**WHAT YOU NEED TO DO**:
Among the lines below, keep only those from the one containing "<formula> <loc_0><loc_0><loc_500><loc_500>\alpha _" through the one containing "Please read and", and reproduce them exactly.

**DATA TO USE**:
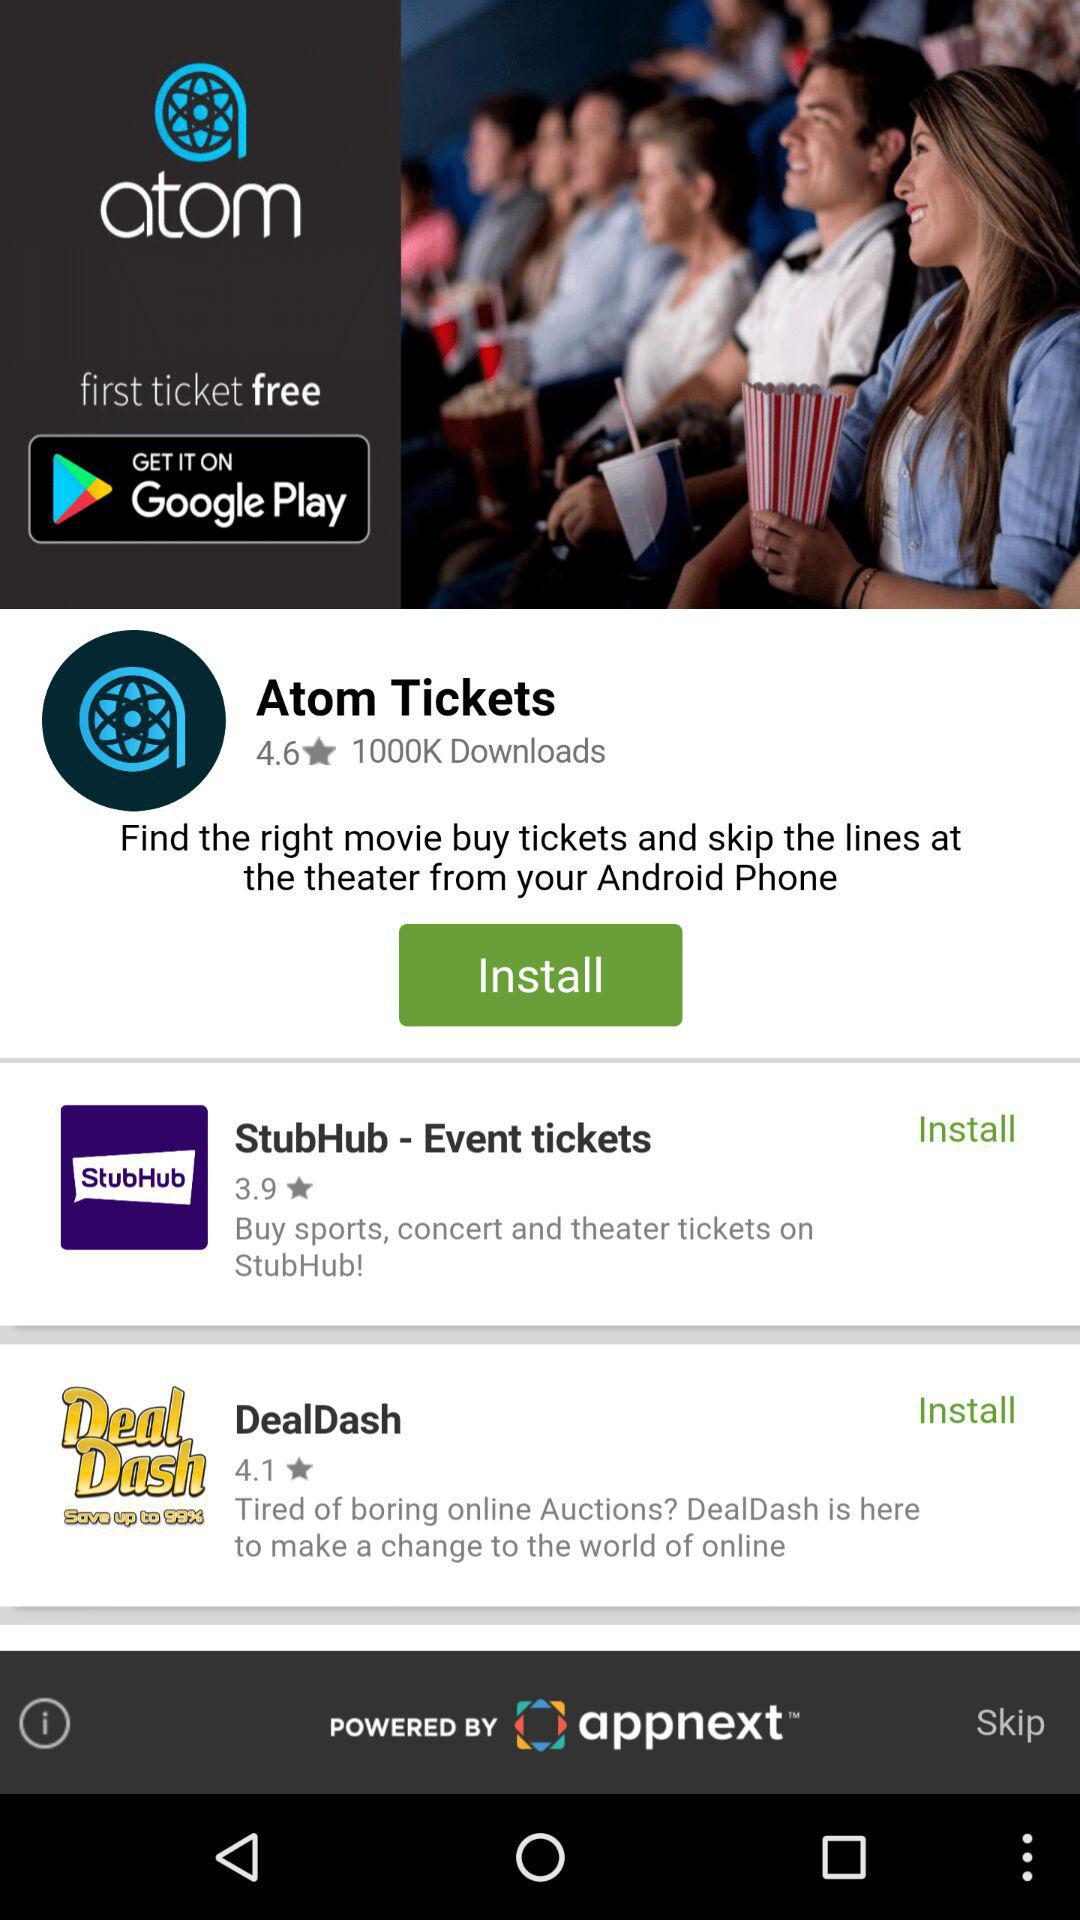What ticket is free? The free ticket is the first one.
* * *
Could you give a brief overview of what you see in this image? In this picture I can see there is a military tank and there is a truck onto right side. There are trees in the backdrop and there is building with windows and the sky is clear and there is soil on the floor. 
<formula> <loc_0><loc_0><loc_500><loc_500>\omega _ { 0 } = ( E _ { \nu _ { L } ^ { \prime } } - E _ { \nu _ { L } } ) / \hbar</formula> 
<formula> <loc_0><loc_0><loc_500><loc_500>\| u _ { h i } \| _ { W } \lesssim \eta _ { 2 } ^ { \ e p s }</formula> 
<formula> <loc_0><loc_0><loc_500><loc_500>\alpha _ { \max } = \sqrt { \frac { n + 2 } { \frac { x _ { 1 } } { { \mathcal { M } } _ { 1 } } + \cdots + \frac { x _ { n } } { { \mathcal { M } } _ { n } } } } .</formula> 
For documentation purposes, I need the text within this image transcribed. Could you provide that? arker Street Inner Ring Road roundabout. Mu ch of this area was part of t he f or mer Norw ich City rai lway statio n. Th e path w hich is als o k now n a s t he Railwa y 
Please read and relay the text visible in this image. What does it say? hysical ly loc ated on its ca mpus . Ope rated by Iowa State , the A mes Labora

**SOLUTION TO THIS EXERCISE**:
<formula> <loc_0><loc_0><loc_500><loc_500>\alpha _ { \max } = \sqrt { \frac { n + 2 } { \frac { x _ { 1 } } { { \mathcal { M } } _ { 1 } } + \cdots + \frac { x _ { n } } { { \mathcal { M } } _ { n } } } } .</formula> 
For documentation purposes, I need the text within this image transcribed. Could you provide that? arker Street Inner Ring Road roundabout. Mu ch of this area was part of t he f or mer Norw ich City rai lway statio n. Th e path w hich is als o k now n a s t he Railwa y 
Please read and relay the text visible in this image. What does it say? hysical ly loc ated on its ca mpus . Ope rated by Iowa State , the A mes Labora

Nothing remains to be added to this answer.